Not that there's anything wrong with that, but Dr. Haynes and other physicians worry that the nation's straight-A students aren't pulling all-nighters in order to work someday for the medical equivalent of the Department of Motor Vehicles.
"What kind of individual is going to want to enter the medical school under those circumstances?" said Dr. Haynes. "That's the concern of where things could be headed."
The AMA is backing legislation introduced March 15 — known as "Match Day," the day on which medical students are matched with residency openings — that would require the federal government to create 15,000 more residency positions.
The bill, which is estimated to cost about $2 billion over 10 years, is sponsored primarily by Democrats, but includes one Republican sponsor, Rep. Aaron Schock of Illinois.
The market already has responded by adding medical schools. The Association of American Medical Schools noted in a survey that between 1986 and 2004, its accrediting committee did not certify a single new U.S. medical school. Today, at least 18 universities are establishing medical schools, including at least a dozen that are in the pipeline to obtain accreditation.
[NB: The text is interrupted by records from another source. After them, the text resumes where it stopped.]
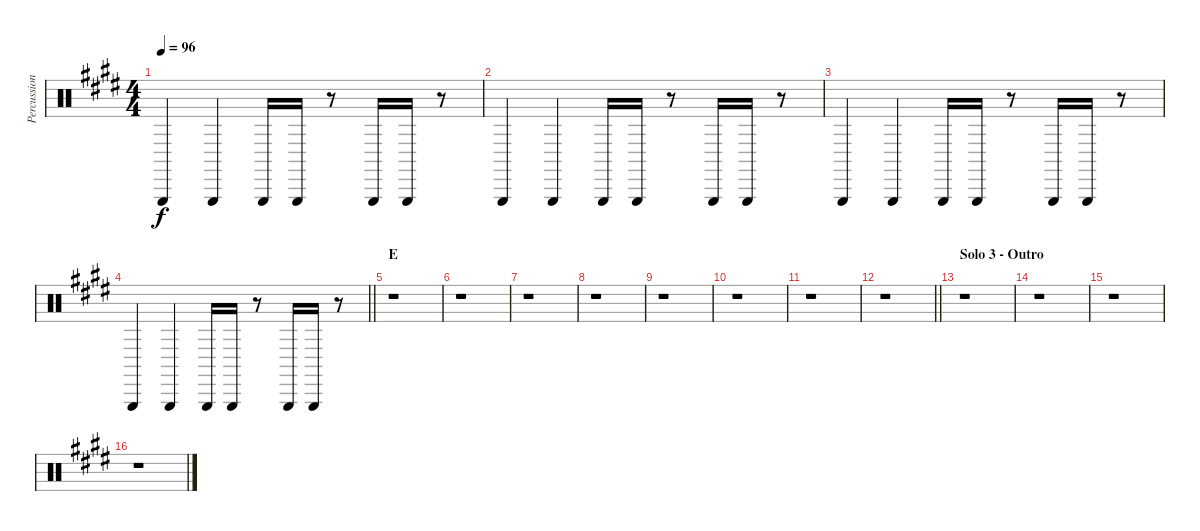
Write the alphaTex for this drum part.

\track ("Percussion" "Percussion") {instrument percussion}
\staff {score}
\articulation defaults
\ts (4 4)
\tempo 96
\clef neutral
\ks e "Triangle (hit)".4{dy f} "Triangle (hit)".4 "Triangle (hit)".16 "Triangle (hit)".16
r.8 "Triangle (hit)".16 "Triangle (hit)".16 r.8 |
"Triangle (hit)".4 "Triangle (hit)".4 "Triangle (hit)".16 "Triangle (hit)".16 r.8 "Triangle (hit)".16 "Triangle (hit)".16 r.8 |
"Triangle (hit)".4 "Triangle (hit)".4 "Triangle (hit)".16 "Triangle (hit)".16 r.8 "Triangle (hit)".16 "Triangle (hit)".16 r.8 |
\barLineRight lightlight "Triangle (hit)".4 "Triangle (hit)".4 "Triangle (hit)".16 "Triangle (hit)".16
r.8 "Triangle (hit)".16 "Triangle (hit)".16 r.8 |
\section ("" "E")
r.1 |
r.1 |
r.1 |
r.1 |
r.1 |
r.1 |
r.1 |
\barLineRight lightlight
r.1 |
\section ("" "Solo 3 - Outro")
r.1 |
r.1 |
r.1 |
r.1
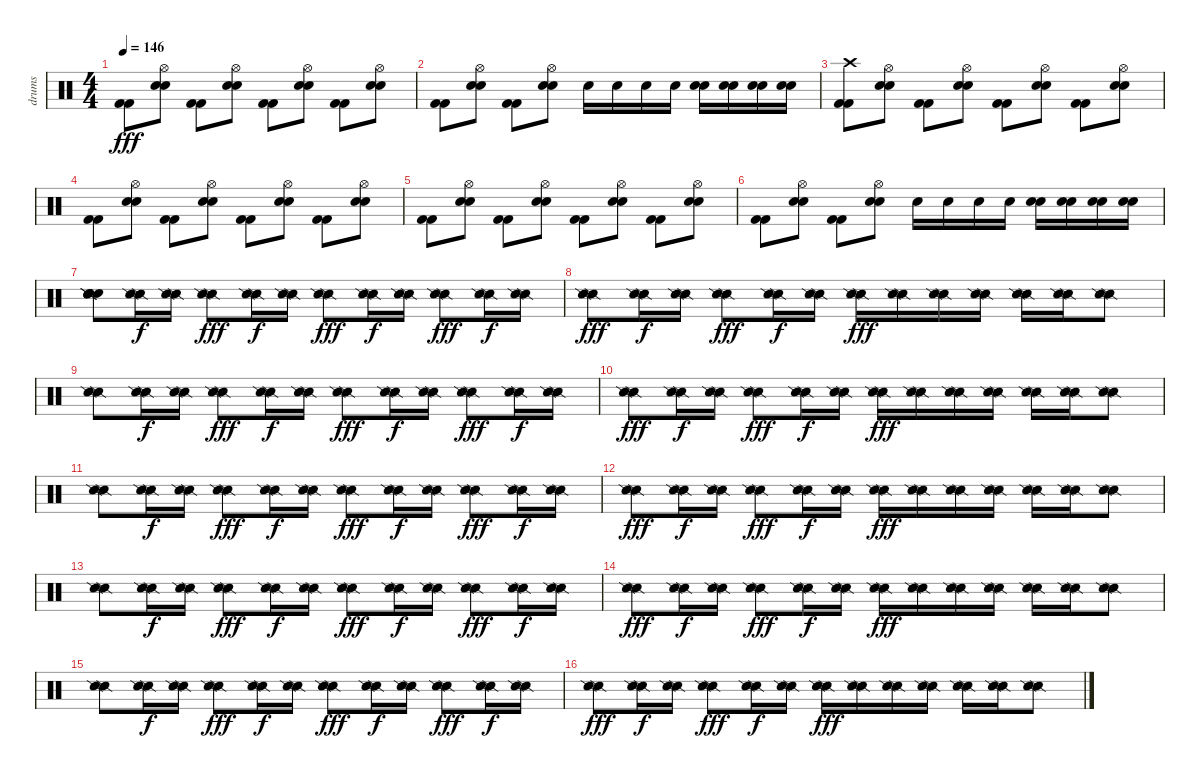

Conservatives would prefer to allow the market to take an even bigger role in addressing the looming physician shortage by having more private dollars flow to teaching hospitals, something that is unlikely under Obamacare, which is scheduled to be fully implemented later this year.
"The ACA continues what I think is a broken system of administration pricing," said Dr. Haynes. "It prevents a functional market. All the things we're trying to achieve, like lower costs, they're doing through burdensome regulation and administration."
Nobody expects the Democrat-led Senate to pull the plug on Obamacare, nor the Republican House to approve $2 billion needed to fully fund it, which means the prognosis for medical students — and by extension, their patients — remains uncertain.
"The medical schools took the first step by expanding class sizes, which involved resources," said Ms. Mitchell. "Now we really need someone to take the second step."